Quel message envoie-t-on au peuple ? Que leurs
dirigeants ne font pas confiance à leur propre système
de santé. Que les hôpitaux publics locaux sont bons pour
les pauvres, mais que les élites, elles, ont droit à des
traitements à plusieurs milliers d’euros dans des cliniques
parisiennes.
UN SYSTÈME CORROMPU JUSQU’À LA SERINGUE
Il ne s’agit pas simplement d’un problème de soins, mais
d’un problème de morale publique. Et ça, c’est une autre
affaire.
Comment peut-on investir autant de milliards dans la santé
et ne pas en récolter les fruits collectifs ?

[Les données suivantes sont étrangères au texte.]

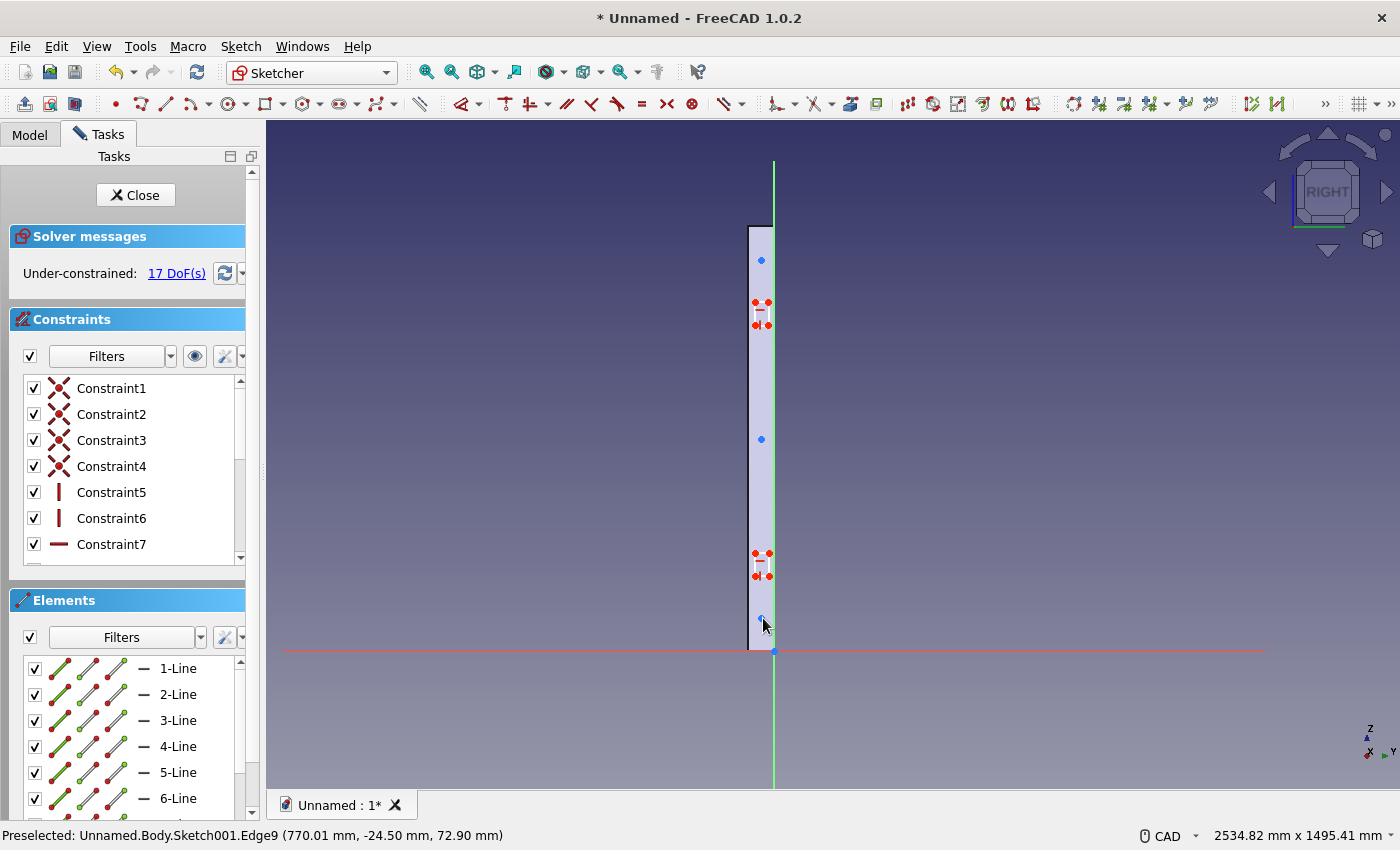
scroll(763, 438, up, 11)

Parce que ce système est gangrené par les
surfacturations, les détournements, les appels d’offres
truqués, les intermédiaires inutiles. Chaque lit d’hôpital
coûte deux fois plus cher qu’il ne devrait. Chaque chantier
traîne, chaque livraison de matériel médical est une
occasion de prendre une commission.
Les rapports d’audit ne sont pas publiés. Les agences
de contrôle sont muselées. Et dans ce silence, les
malades meurent, les soignants s’épuisent, pendant que
les puissants signent des contrats de “tourisme médical”.

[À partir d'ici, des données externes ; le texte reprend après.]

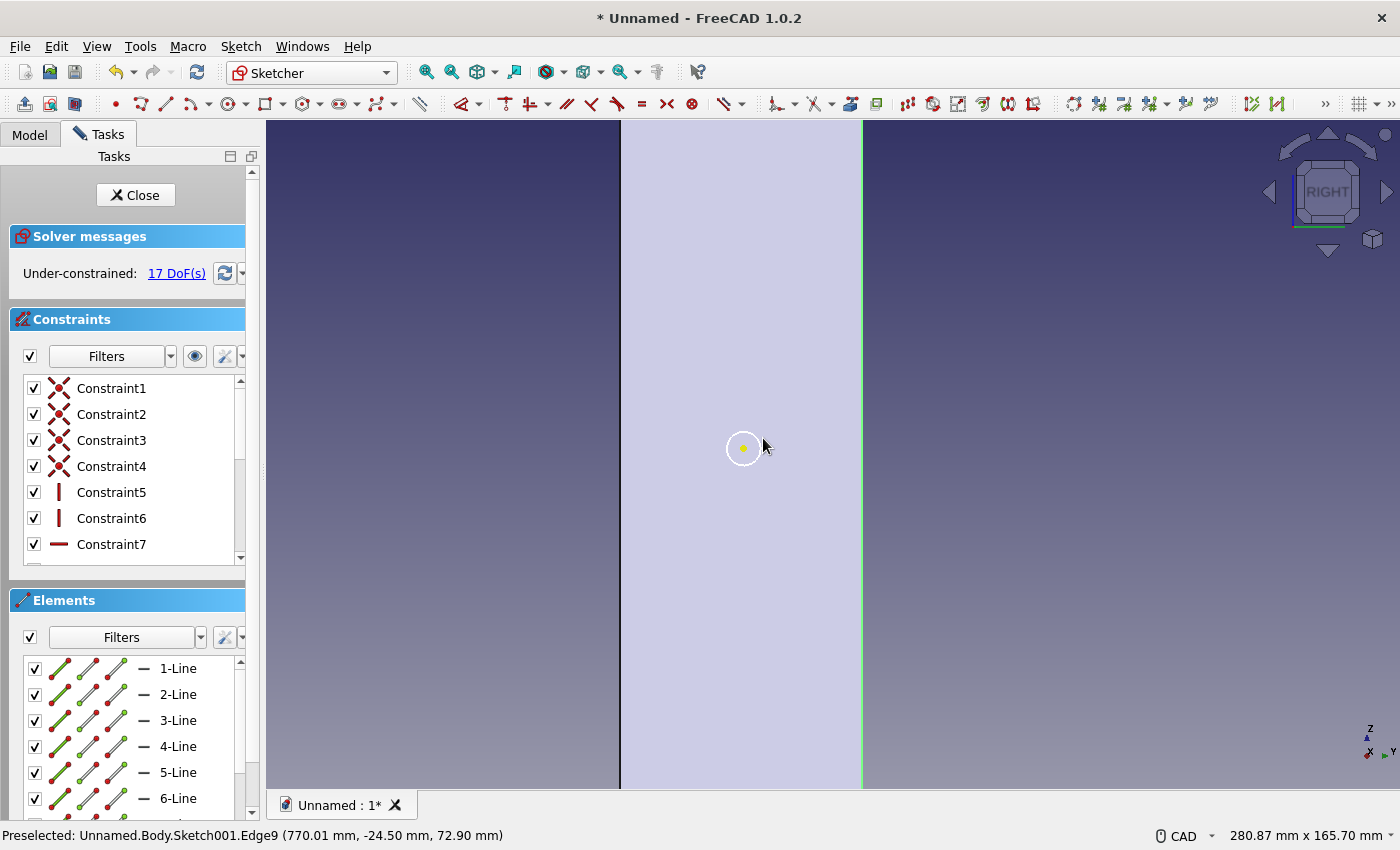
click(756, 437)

L’EXIL SANITAIRE EST UN AVEU D’ÉCHEC
Le plus grave, c’est que ces pratiques sont
institutionnalisées, banalisées, parfois même
célébrées. On parle d’ « ouverture au monde », de «
partenariat stratégique ».
Mais en réalité, l’État avoue qu’il n’a pas réussi à bâtir un
système de santé digne pour tous. Il choisit de soigner
les symptômes de ses privilégiés à Paris, plutôt que de
soigner la maladie du peuple à Bouaké.
Ce partenariat n’est pas un progrès. C’est une fuite en
avant, une capitulation éthique, un aveu
d’incompétence. Et tant que ce modèle perdurera – un
système de santé à deux vitesses, une médecine réservée
aux puissants et une survie improvisée pour les pauvres –
aucun développement réel ne sera possible.
IL EST ENCORE TEMPS
Nous ne sommes pas condamnés à cette injustice. Il
existe une alternative de refondation. La Côte d’Ivoire
regorge de médecins compétents, d’ingénieurs en santé
publique, de jeunes engagés prêts à bâtir un modèle
souverain, équitable, et accessible.
Mais pour cela, il faut rompre avec cette mentalité de
fuite, avec ce culte, ce mythe de la solution étrangère,
avec cette petite bourgeoisie politique obsédée par les
billets d’avion et les chambres d’hôtel à Neuilly en
France.
Il faut exiger des comptes. Publier les bilans. Auditer les
fonds. Écouter les soignants. Réhabiliter les hôpitaux. Et
surtout, faire en sorte que ceux qui gouvernent soient
les premiers à expérimenter ce qu’ils ont mis en place
pour le peuple.
Car si l’hôpital de Treichville n’est pas assez bon pour le
président de l’Assemblée, alors il n’est pas assez bon
pour la nation tout entière. Et cela est un scandale.
DR KOCK OOBHUSU, Économiste
: la présidente du Sénat a annoncé le renouvellement d’une convention permettant aux fonctionnaires et à leurs familles d’avoir accès à des tarifs préférentiels avec la compagnie Corsair, ainsi qu’avec l’hôpital américain de Paris.